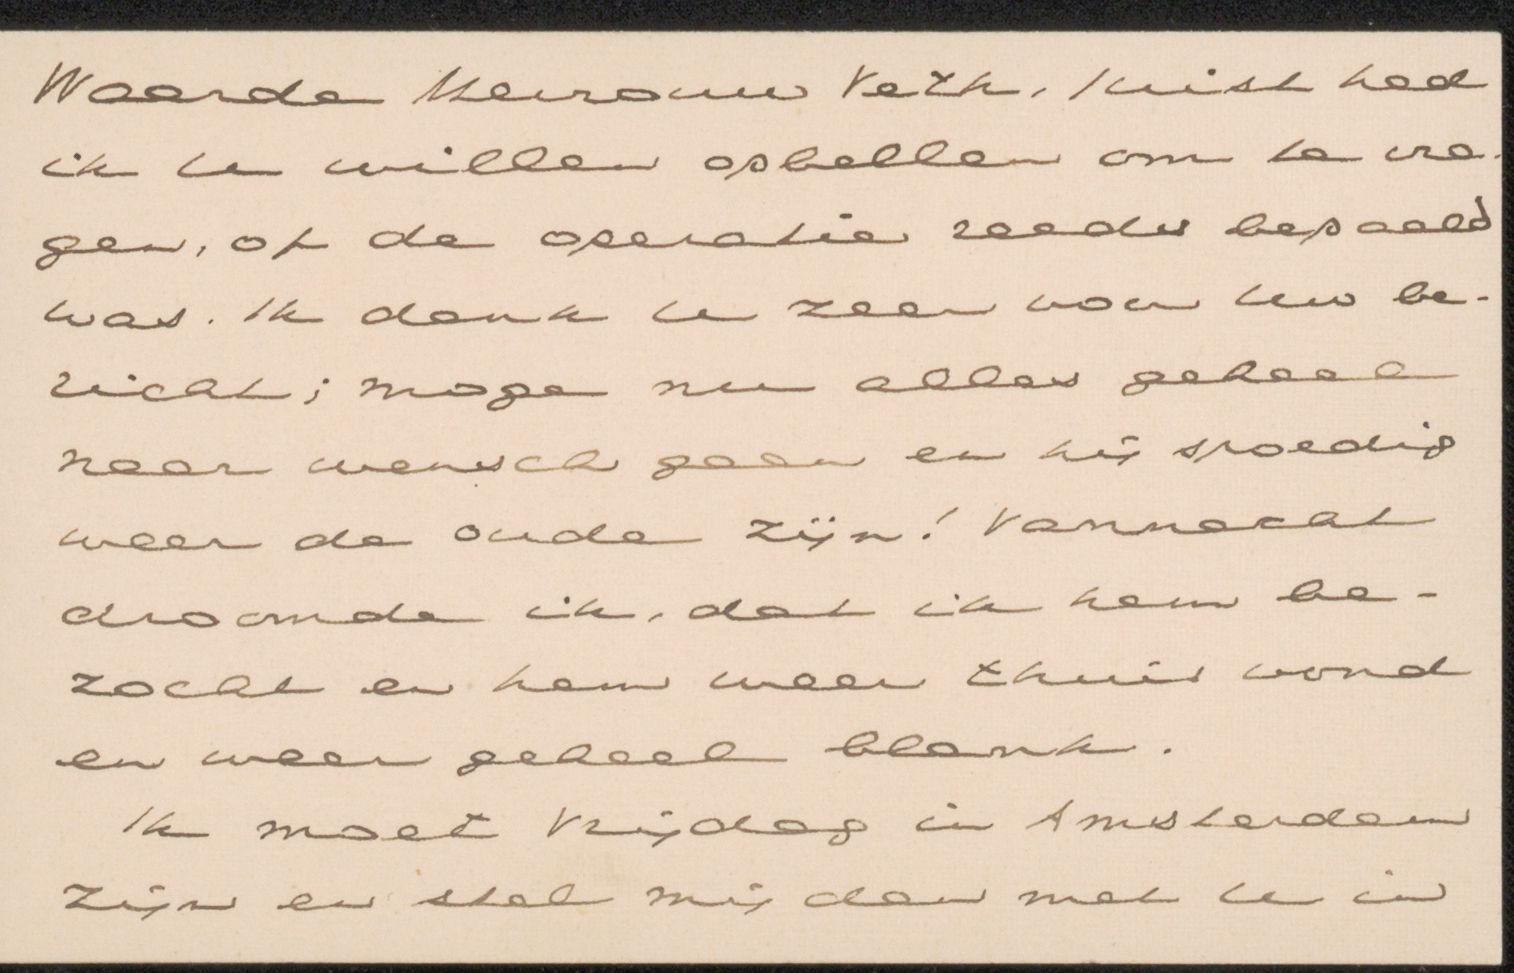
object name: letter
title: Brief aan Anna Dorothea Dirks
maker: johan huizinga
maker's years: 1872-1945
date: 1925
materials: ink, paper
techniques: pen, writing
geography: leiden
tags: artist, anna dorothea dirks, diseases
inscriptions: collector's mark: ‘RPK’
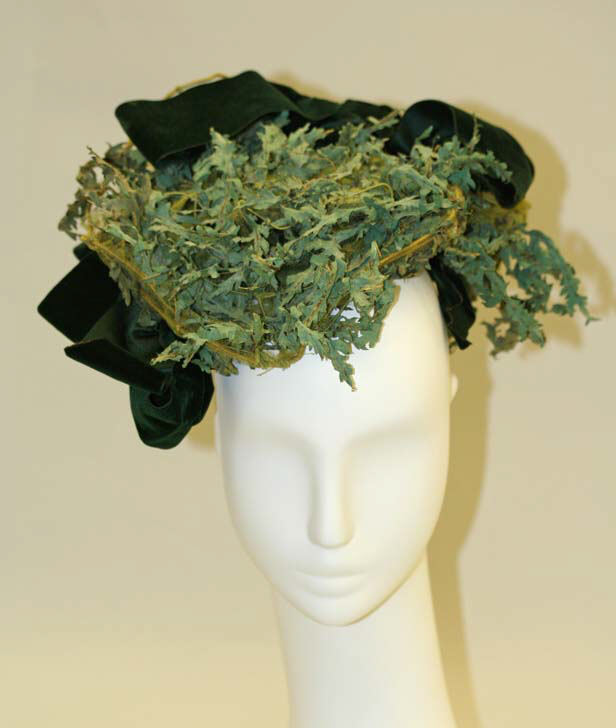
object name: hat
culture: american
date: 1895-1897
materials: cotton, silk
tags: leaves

* [Task goal]: Give back each entry verbatim but drop its pictures.

* [Answer to this task]:
object name: letter
title: Brief aan Anna Dorothea Dirks
maker: johan huizinga
maker's years: 1872-1945
date: 1925
materials: ink, paper
techniques: pen, writing
geography: leiden
tags: artist, anna dorothea dirks, diseases
inscriptions: collector's mark: ‘RPK’
object name: hat
culture: american
date: 1895-1897
materials: cotton, silk
tags: leaves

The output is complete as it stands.